• [ABOUT THIS EXERCISE] Each record below needs to be written out exactly as it reads.

[Records excerpted from a collection]
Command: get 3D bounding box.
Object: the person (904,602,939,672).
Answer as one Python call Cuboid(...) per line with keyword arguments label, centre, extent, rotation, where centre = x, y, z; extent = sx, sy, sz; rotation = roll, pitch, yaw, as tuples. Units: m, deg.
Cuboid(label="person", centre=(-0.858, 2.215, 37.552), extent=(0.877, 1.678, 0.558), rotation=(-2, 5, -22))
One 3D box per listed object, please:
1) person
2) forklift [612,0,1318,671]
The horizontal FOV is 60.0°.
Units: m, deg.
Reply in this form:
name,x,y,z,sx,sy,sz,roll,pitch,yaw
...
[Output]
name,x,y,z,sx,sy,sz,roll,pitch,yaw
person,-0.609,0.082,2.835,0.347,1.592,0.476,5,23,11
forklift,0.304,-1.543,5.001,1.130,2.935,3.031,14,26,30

• [REPLY]
Command: get 3D bounding box.
Object: the person (904,602,939,672).
Answer as one Python call Cuboid(...) per line with keyword arguments label, centre, extent, rotation, where centre = x, y, z; extent = sx, sy, sz; rotation = roll, pitch, yaw, as tuples. Units: m, deg.
Cuboid(label="person", centre=(-0.858, 2.215, 37.552), extent=(0.877, 1.678, 0.558), rotation=(-2, 5, -22))
One 3D box per listed object, please:
1) person
2) forklift [612,0,1318,671]
The horizontal FOV is 60.0°.
Units: m, deg.
Reply in this form:
name,x,y,z,sx,sy,sz,roll,pitch,yaw
...
[Output]
name,x,y,z,sx,sy,sz,roll,pitch,yaw
person,-0.609,0.082,2.835,0.347,1.592,0.476,5,23,11
forklift,0.304,-1.543,5.001,1.130,2.935,3.031,14,26,30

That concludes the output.